My state of mourning followed upon the Supreme Court’s decisions a few days earlier in Trump v. United States and Chevron v. Natural Resources Defense Council, simultaneously giving the Presidency the powers of a monarchy while stripping federal agencies of their executive function and handing it to the multiple judiciaries around the country. The latter will create a mess of conflicting regulations on everything ranging from the environment to health care.  I privately suspect the conservative majority of the Supreme Court was trying to open the way for mifepristone to be banned in a number of states by creating the possibility for FDA rulings by to be overturned by judges in certain judicial districts. 

But it is the former decision, Trump v. United States, that is of even greater concern, and where my despair is centered. The question before the Court -- triggered by four federal grand jury indictments against the former president for conspiring to overturn the 2020 election by knowingly spreading false claims of election fraud designed to obstruct the collection, counting, and certifying of election results -- was whether or not Trump is immune from prosecution because at the time he committed these unlawful acts he was the President. The Court’s answer in a word --  yes. Because he was President at the time, he’s immune.  Here are the Court’s official words, from the opinion written by Chief Justice John Roberts:

“Held: Under our constitutional structure of separated powers, the nature of Presidential power entitles a former President to absolute immunity from criminal prosecution for actions within his conclusive and preclusive constitutional authority.
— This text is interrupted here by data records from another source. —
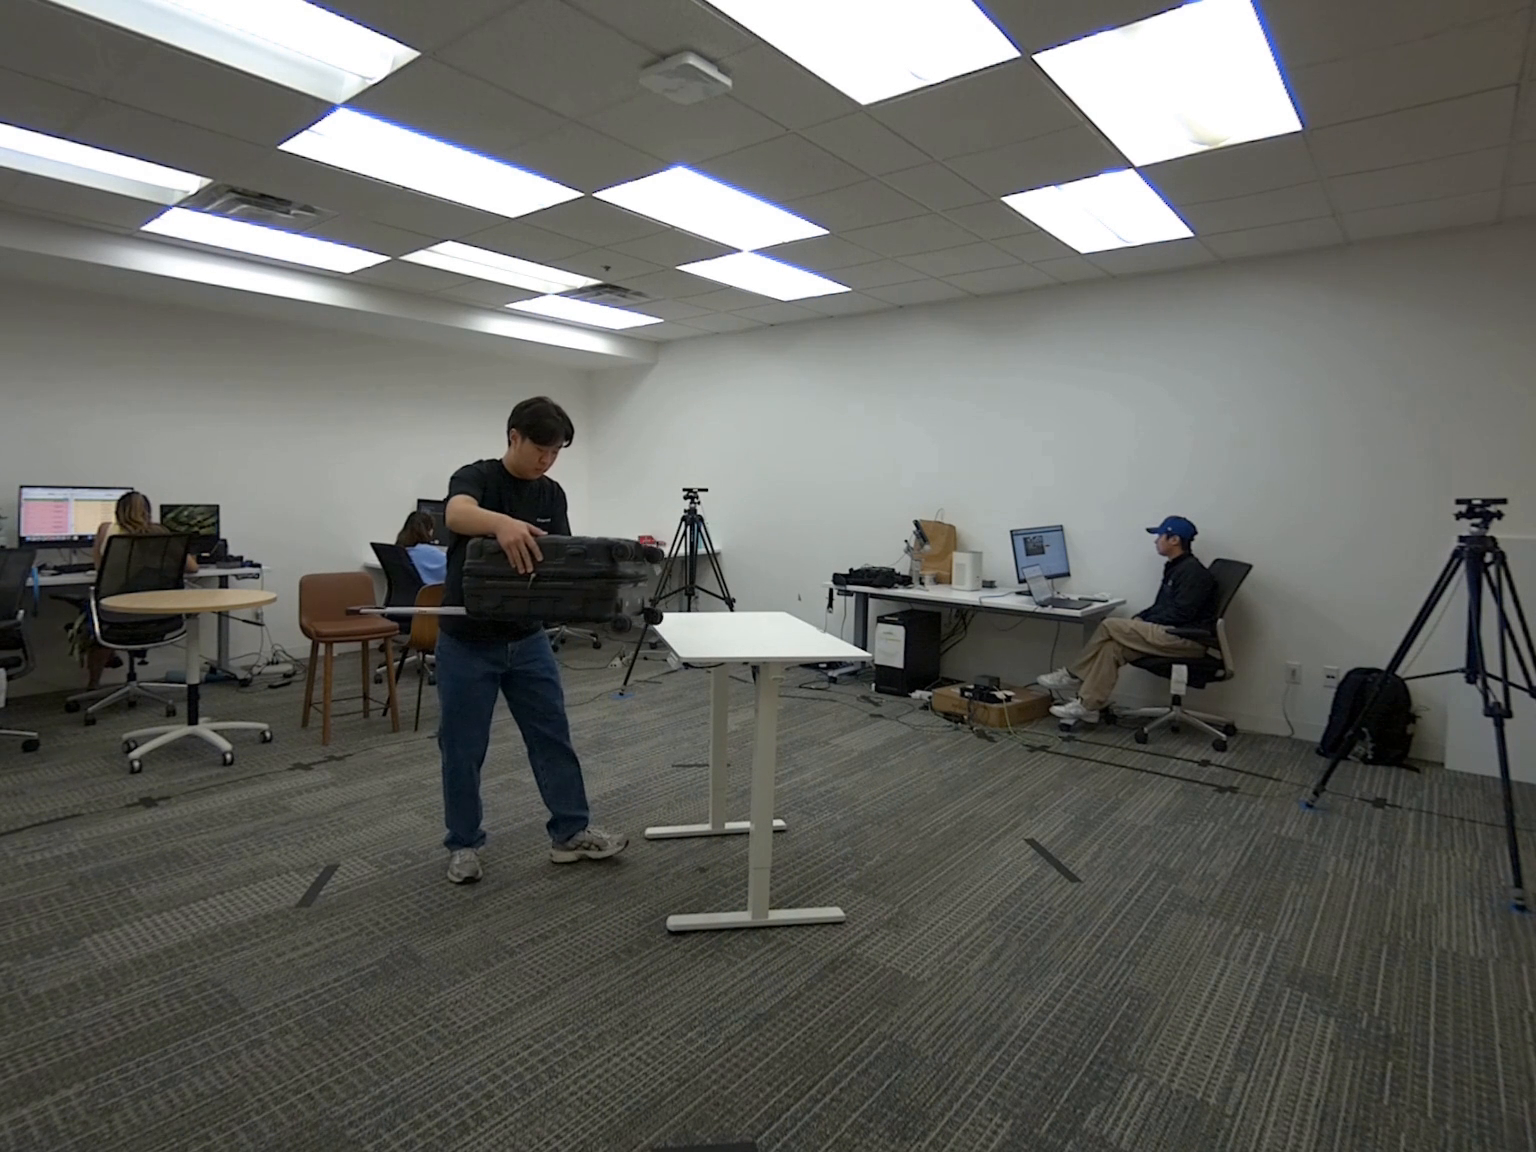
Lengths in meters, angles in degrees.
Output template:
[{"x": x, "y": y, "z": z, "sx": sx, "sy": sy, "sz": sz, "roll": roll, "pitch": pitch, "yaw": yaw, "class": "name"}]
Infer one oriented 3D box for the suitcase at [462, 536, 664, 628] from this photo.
[{"x": -0.840, "y": 0.005, "z": 2.669, "sx": 0.993, "sy": 0.257, "sz": 0.378, "roll": 3, "pitch": 0, "yaw": 13, "class": "suitcase"}]
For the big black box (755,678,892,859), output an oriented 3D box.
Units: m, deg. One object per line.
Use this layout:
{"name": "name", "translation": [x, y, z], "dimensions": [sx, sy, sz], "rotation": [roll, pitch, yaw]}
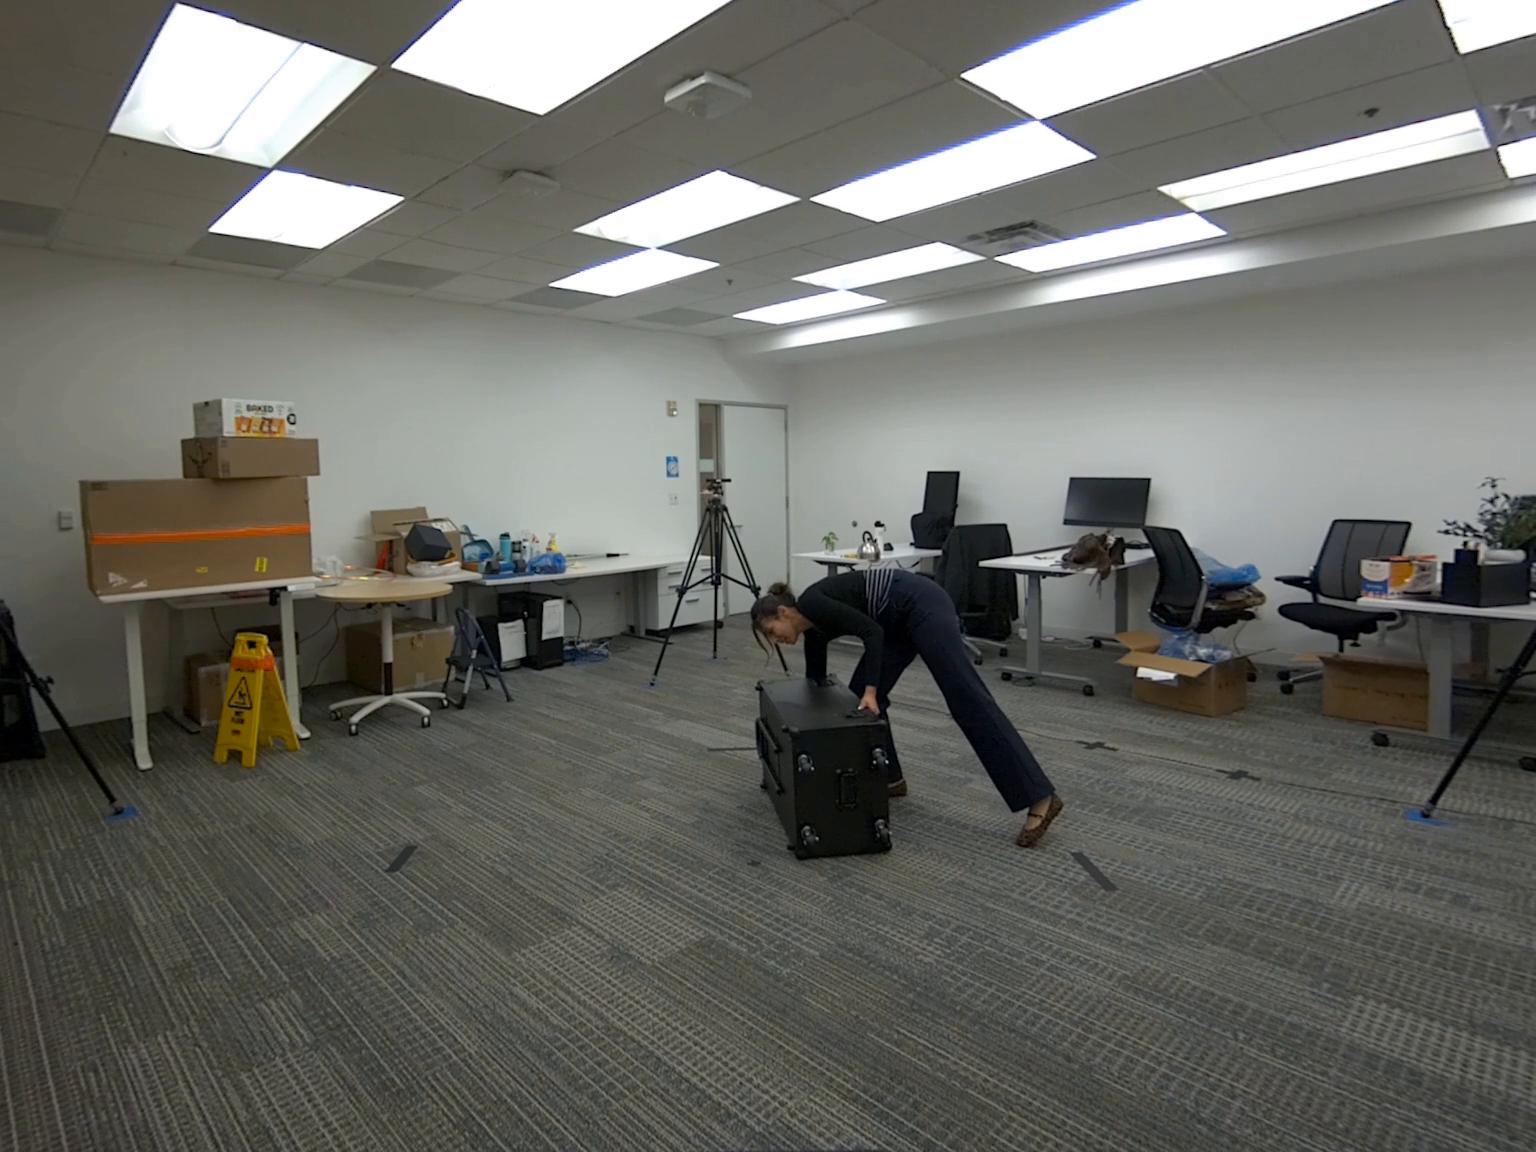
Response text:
{"name": "big black box", "translation": [0.197, 0.743, 3.472], "dimensions": [0.393, 0.519, 0.872], "rotation": [-5, 6, -10]}

And he is entitled to at least presumptive immunity from prosecution for all his official acts. There is no immunity for unofficial acts.”[i]

In other words, the President can do no wrong.  In other words, the President is above the law.  In other words, the President is a law unto himself. As Justice Jackson wrote in her dissent: “In its purest form, the concept of immunity boils down to a maxim— ‘ [t]he King can do no wrong.”  And as Justice Sotomayor said in her impassioned dissent, the Court has in this way made the President the King. Quoting her here: “The relationship between the President and the people he serves has shifted irrevocably. In every use of official power, the President is now a king above the law.”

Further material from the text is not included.